- [PROBLEM DESCRIPTION] Each line from the one containing "Task: 3D bounding boxes again, this time for class foam" to the final line of the listing below must be transcribed exactly; all others are left out.
(Beginning of RECORDS FOR PROCESSING)
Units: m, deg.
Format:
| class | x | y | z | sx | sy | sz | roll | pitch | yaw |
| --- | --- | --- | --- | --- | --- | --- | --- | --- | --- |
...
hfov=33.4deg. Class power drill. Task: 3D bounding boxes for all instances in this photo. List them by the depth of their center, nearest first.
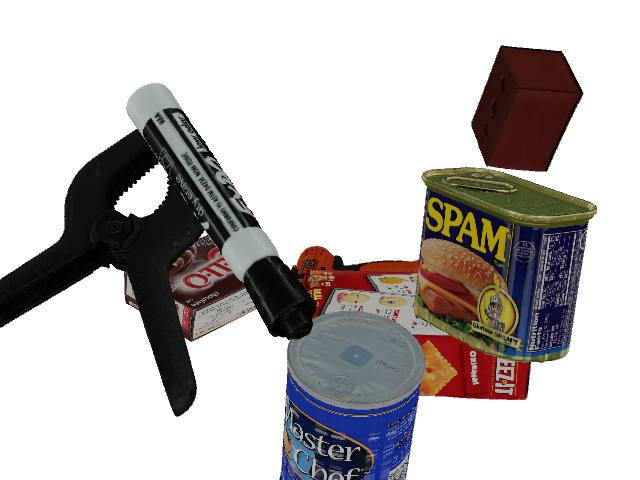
| class | x | y | z | sx | sy | sz | roll | pitch | yaw |
| --- | --- | --- | --- | --- | --- | --- | --- | --- | --- |
| power drill | 0.051 | 0.060 | 1.228 | 0.188 | 0.057 | 0.184 | 0 | 28 | 8 |

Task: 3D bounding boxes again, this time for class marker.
| class | x | y | z | sx | sy | sz | roll | pitch | yaw |
| --- | --- | --- | --- | --- | --- | --- | --- | --- | --- |
| marker | -0.036 | -0.012 | 0.384 | 0.020 | 0.020 | 0.121 | 0 | 44 | -45 |

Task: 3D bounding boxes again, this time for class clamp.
| class | x | y | z | sx | sy | sz | roll | pitch | yaw |
| --- | --- | --- | --- | --- | --- | --- | --- | --- | --- |
| clamp | -0.118 | 0.008 | 0.668 | 0.165 | 0.209 | 0.036 | 19 | -31 | 14 |

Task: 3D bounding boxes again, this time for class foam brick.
| class | x | y | z | sx | sy | sz | roll | pitch | yaw |
| --- | --- | --- | --- | --- | --- | --- | --- | --- | --- |
| foam brick | 0.151 | -0.098 | 0.794 | 0.051 | 0.053 | 0.078 | 2 | -45 | -14 |

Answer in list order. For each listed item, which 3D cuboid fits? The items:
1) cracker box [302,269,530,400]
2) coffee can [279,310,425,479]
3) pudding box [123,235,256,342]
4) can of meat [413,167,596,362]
| class | x | y | z | sx | sy | sz | roll | pitch | yaw |
| --- | --- | --- | --- | --- | --- | --- | --- | --- | --- |
| cracker box | 0.084 | 0.089 | 1.025 | 0.213 | 0.072 | 0.164 | 2 | 19 | 3 |
| coffee can | 0.022 | 0.140 | 0.825 | 0.103 | 0.140 | 0.103 | 3 | 35 | -2 |
| pudding box | -0.108 | 0.041 | 0.970 | 0.090 | 0.039 | 0.113 | 25 | 34 | 32 |
| can of meat | 0.098 | 0.012 | 0.591 | 0.057 | 0.084 | 0.102 | -7 | 20 | -32 |
(End of RECORDS FOR PROCESSING)
- [RESPONSE FOR THIS EXERCISE]
Task: 3D bounding boxes again, this time for class foam brick.
| class | x | y | z | sx | sy | sz | roll | pitch | yaw |
| --- | --- | --- | --- | --- | --- | --- | --- | --- | --- |
| foam brick | 0.151 | -0.098 | 0.794 | 0.051 | 0.053 | 0.078 | 2 | -45 | -14 |

Answer in list order. For each listed item, which 3D cuboid fits? The items:
1) cracker box [302,269,530,400]
2) coffee can [279,310,425,479]
3) pudding box [123,235,256,342]
4) can of meat [413,167,596,362]
| class | x | y | z | sx | sy | sz | roll | pitch | yaw |
| --- | --- | --- | --- | --- | --- | --- | --- | --- | --- |
| cracker box | 0.084 | 0.089 | 1.025 | 0.213 | 0.072 | 0.164 | 2 | 19 | 3 |
| coffee can | 0.022 | 0.140 | 0.825 | 0.103 | 0.140 | 0.103 | 3 | 35 | -2 |
| pudding box | -0.108 | 0.041 | 0.970 | 0.090 | 0.039 | 0.113 | 25 | 34 | 32 |
| can of meat | 0.098 | 0.012 | 0.591 | 0.057 | 0.084 | 0.102 | -7 | 20 | -32 |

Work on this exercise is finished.